Easy to Use plus Uncompromised Availability and Scalability

  MySQL Cluster 7.3 GA builds upon a series of Development Milestone Releases that have enabled users to preview, test and provide feedback during the development process. The latest enhancements include:
  NoSQL JavaScript Connector for node.js: Simplifies development re-using JavaScript from the client to the server, all the way through to the database. Provides node.js with a native, asynchronous JavaScript interface that can be used to both query and receive result sets directly from MySQL Cluster, without transformations to SQL, ensuring low latency for simple queries. The JavaScript Connector for node.js joins a growing portfolio of NoSQL interfaces for MySQL Cluster, which already includes Memcached, Java, JPA and HTTP/REST, enabling NoSQL and SQL access to the same data set.
  Foreign Key support: Simplifies application logic and strengthens data models by automatically enforcing referential integrity between different tables located on different shards, different nodes, or in different data centers. Combines advanced RDBMS features with a highly scalable, real-time distributed database that enforces Foreign Keys across a shared-nothing cluster, while maintaining ACID guarantees and the ability to run cross-shard JOINs to support both high volume OLTP and real-time analytics. Foreign Keys are enforced across applications using both SQL and NoSQL connectors into the Cluster. Modelled on the InnoDB implementation of Foreign Keys, developers can re-use existing MySQL skills.
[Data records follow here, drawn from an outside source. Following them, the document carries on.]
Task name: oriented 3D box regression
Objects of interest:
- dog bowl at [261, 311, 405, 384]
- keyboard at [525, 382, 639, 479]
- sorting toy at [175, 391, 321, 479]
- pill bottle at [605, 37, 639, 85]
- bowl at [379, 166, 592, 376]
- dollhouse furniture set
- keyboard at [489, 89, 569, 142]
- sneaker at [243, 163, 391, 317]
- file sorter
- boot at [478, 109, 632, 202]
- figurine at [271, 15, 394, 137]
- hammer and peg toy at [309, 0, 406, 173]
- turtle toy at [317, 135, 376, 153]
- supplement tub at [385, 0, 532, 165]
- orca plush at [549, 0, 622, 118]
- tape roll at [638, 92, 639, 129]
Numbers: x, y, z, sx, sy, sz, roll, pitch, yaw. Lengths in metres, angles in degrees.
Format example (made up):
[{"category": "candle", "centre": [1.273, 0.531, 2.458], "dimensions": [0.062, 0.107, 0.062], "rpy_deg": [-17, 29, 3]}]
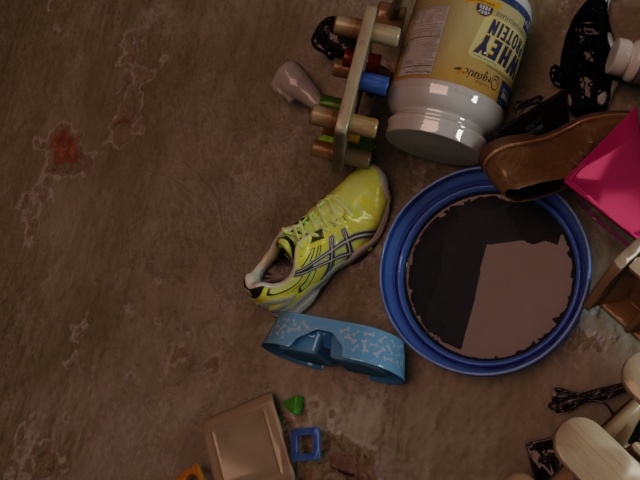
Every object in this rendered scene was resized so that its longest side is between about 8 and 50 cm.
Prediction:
[{"category": "dog bowl", "centre": [0.030, 0.206, 1.420], "dimensions": [0.297, 0.166, 0.074], "rpy_deg": [6, 68, 27]}, {"category": "keyboard", "centre": [0.503, 0.329, 1.226], "dimensions": [0.317, 0.033, 0.202], "rpy_deg": [-18, 75, 20]}, {"category": "sorting toy", "centre": [-0.147, 0.435, 1.507], "dimensions": [0.347, 0.047, 0.196], "rpy_deg": [-26, 62, 17]}, {"category": "pill bottle", "centre": [0.586, -0.312, 1.302], "dimensions": [0.137, 0.078, 0.078], "rpy_deg": [15, 83, 3]}, {"category": "bowl", "centre": [0.303, 0.057, 1.369], "dimensions": [0.390, 0.077, 0.392], "rpy_deg": [-7, 74, 24]}, {"category": "dollhouse furniture set", "centre": [0.421, 0.229, 1.079], "dimensions": [0.394, 0.362, 0.256], "rpy_deg": [-38, 67, -16]}, {"category": "keyboard", "centre": [0.387, -0.220, 1.353], "dimensions": [0.180, 0.108, 0.023], "rpy_deg": [-32, 36, -17]}, {"category": "sneaker", "centre": [0.000, 0.000, 1.491], "dimensions": [0.145, 0.147, 0.385], "rpy_deg": [40, 93, 30]}, {"category": "file sorter", "centre": [0.594, -0.116, 1.213], "dimensions": [0.291, 0.182, 0.202], "rpy_deg": [-47, 61, 7]}, {"category": "boot", "centre": [0.443, -0.142, 1.292], "dimensions": [0.305, 0.112, 0.115], "rpy_deg": [-16, 51, -5]}, {"category": "figurine", "centre": [0.028, -0.350, 1.610], "dimensions": [0.215, 0.092, 0.209], "rpy_deg": [-46, 66, 10]}, {"category": "hammer and peg toy", "centre": [0.074, -0.332, 1.410], "dimensions": [0.127, 0.266, 0.362], "rpy_deg": [14, 79, 3]}, {"category": "turtle toy", "centre": [0.054, -0.202, 1.555], "dimensions": [0.130, 0.066, 0.095], "rpy_deg": [5, 77, -3]}, {"category": "supplement tub", "centre": [0.259, -0.323, 1.404], "dimensions": [0.228, 0.228, 0.317], "rpy_deg": [13, 83, 28]}, {"category": "orca plush", "centre": [0.514, -0.369, 1.364], "dimensions": [0.151, 0.102, 0.287], "rpy_deg": [21, 86, 29]}, {"category": "tape roll", "centre": [0.638, -0.189, 1.064], "dimensions": [0.321, 0.077, 0.322], "rpy_deg": [-7, 72, 24]}]
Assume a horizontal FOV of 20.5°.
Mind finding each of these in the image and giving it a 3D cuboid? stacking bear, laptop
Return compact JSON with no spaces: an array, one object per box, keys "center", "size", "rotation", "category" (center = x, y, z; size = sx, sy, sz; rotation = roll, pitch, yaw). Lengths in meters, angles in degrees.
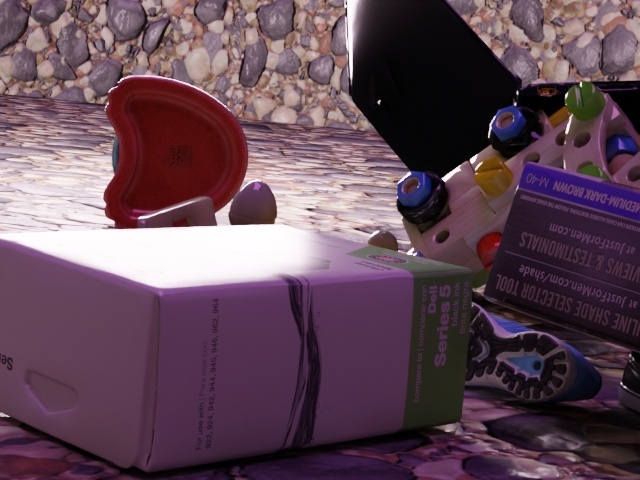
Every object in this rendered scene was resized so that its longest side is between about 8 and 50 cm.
[{"center":[-0.180,-0.098,2.110],"size":[0.164,0.175,0.289],"rotation":[2,1,-9],"category":"stacking bear"},{"center":[0.231,-0.144,1.748],"size":[0.408,0.236,0.382],"rotation":[-2,-26,1],"category":"laptop"}]

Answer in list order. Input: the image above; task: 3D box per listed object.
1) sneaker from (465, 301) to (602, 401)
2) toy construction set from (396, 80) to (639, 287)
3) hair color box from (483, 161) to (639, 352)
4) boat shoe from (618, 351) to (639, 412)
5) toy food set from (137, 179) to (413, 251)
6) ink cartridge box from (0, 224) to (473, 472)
[{"center":[0.148,0.094,1.344],"size":[0.073,0.063,0.162],"rotation":[21,1,-37],"category":"sneaker"},{"center":[0.164,-0.011,1.483],"size":[0.327,0.151,0.215],"rotation":[-24,42,3],"category":"toy construction set"},{"center":[0.295,0.045,1.256],"size":[0.185,0.110,0.339],"rotation":[19,3,43],"category":"hair color box"},{"center":[0.263,0.113,1.282],"size":[0.049,0.040,0.142],"rotation":[1,9,-26],"category":"boat shoe"},{"center":[0.000,0.000,1.720],"size":[0.306,0.092,0.220],"rotation":[7,8,13],"category":"toy food set"},{"center":[-0.064,0.061,1.172],"size":[0.273,0.115,0.198],"rotation":[-3,11,-43],"category":"ink cartridge box"}]

  MySQL Cluster Auto-Installer: Enables DevOps teams to graphically configure and provision a production-grade cluster in minutes, automatically tuned for their workload and environment, directly from their browser.
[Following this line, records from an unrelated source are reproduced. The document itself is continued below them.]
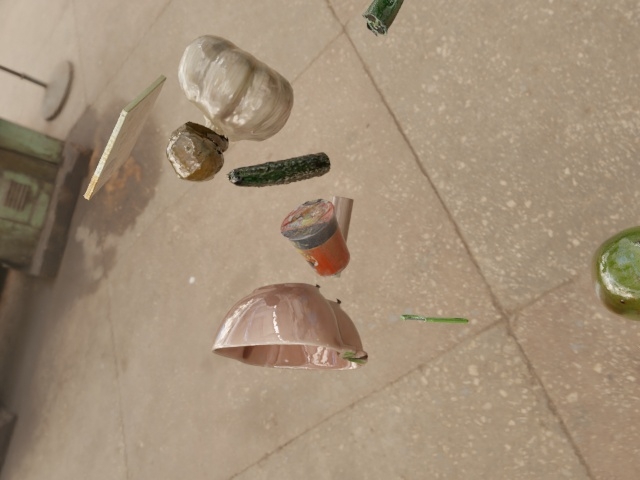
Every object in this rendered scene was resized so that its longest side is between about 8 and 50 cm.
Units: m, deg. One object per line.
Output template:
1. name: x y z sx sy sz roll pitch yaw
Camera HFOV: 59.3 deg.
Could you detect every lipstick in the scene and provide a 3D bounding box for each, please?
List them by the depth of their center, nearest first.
1. lipstick: 0.052 -0.012 1.803 0.070 0.070 0.255 12 93 44

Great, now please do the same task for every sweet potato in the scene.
1. sweet potato: -0.173 -0.129 0.789 0.062 0.081 0.233 -61 14 13

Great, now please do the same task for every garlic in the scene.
1. garlic: -0.169 -0.230 0.995 0.218 0.218 0.212 37 97 43

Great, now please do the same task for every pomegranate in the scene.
1. pomegranate: 0.556 0.083 0.943 0.181 0.181 0.224 -23 45 36

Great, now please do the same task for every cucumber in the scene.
1. cucumber: -0.101 -0.165 1.368 0.067 0.293 0.068 22 120 45

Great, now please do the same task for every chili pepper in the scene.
1. chili pepper: 0.191 -0.611 1.368 0.059 0.088 0.227 32 86 28

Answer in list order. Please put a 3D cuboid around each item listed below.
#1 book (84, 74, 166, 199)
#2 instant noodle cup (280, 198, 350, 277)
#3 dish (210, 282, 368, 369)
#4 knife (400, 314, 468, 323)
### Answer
1. book: -0.477 -0.251 1.371 0.295 0.020 0.208 -48 15 37
2. instant noodle cup: -0.001 0.002 1.200 0.127 0.136 0.127 -19 36 15
3. dish: -0.032 0.115 0.756 0.213 0.213 0.091 -15 62 39
4. knife: 0.318 0.220 1.576 0.054 0.212 0.015 -168 83 -72
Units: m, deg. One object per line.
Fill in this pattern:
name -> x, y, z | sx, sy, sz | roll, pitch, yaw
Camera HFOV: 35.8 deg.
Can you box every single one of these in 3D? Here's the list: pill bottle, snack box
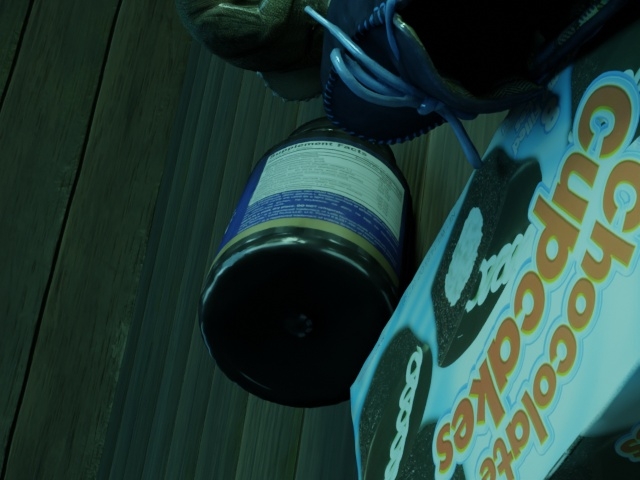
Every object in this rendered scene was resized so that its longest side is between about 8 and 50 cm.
pill bottle -> 0.000, 0.000, 0.665 | 0.219, 0.123, 0.122 | -76, 8, -60
snack box -> 0.103, 0.030, 0.425 | 0.187, 0.060, 0.322 | -95, 25, -52

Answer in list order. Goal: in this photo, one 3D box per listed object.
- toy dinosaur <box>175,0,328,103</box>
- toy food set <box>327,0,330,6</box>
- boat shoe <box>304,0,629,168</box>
toy dinosaur -> -0.053, -0.211, 0.928 | 0.160, 0.313, 0.121 | -38, 62, 29
toy food set -> 0.021, -0.366, 1.106 | 0.132, 0.039, 0.192 | 125, 154, -52
boat shoe -> 0.055, -0.095, 0.415 | 0.258, 0.109, 0.089 | 129, 153, -65

  Integration with MySQL Server 5.6: The SQL layer is now based on the latest MySQL 5.6 GA release, enabling DevOps teams to take advantage of the enhanced query throughput and replication robustness of the release. Developers can combine the InnoDB and MySQL Cluster storage engines side by side within a single application using the latest MySQL 5.6 release.
  Connection Thread Scalability: Delivers 1.5x to 7.5x higher throughput per connection to the MySQL Custer data nodes, increasing the overall capacity and scalability of the cluster. The improvement is achieved by splitting mutexes within internal connection APIs. It is completely transparent to applications, which will benefit from higher throughput by simply upgrading to MySQL Cluster 7.3, which itself is an on-line operation.

Supporting Quotes

  “The latest MySQL Cluster 7.3 GA release blends the agility, performance and scale demanded by Web, mobile and emerging application workloads, with the data integrity and high availability only offered by RDBMS platforms,” said Tomas Ulin, vice president, MySQL Engineering. “It is a winning combination, reflecting the priorities of our largest developers and users.”
  “A key driver for our original selection of MySQL Cluster for our real-time Web recommendations platform was the ability to service not just today’s workloads, but also meet our future needs,” said Sean Chighizola, senior director of Database Administration, Big Fish. “MySQL Cluster 7.3 looks an exciting upgrade – we are evaluating its new features with a view to extending MySQL Cluster to more of our services.”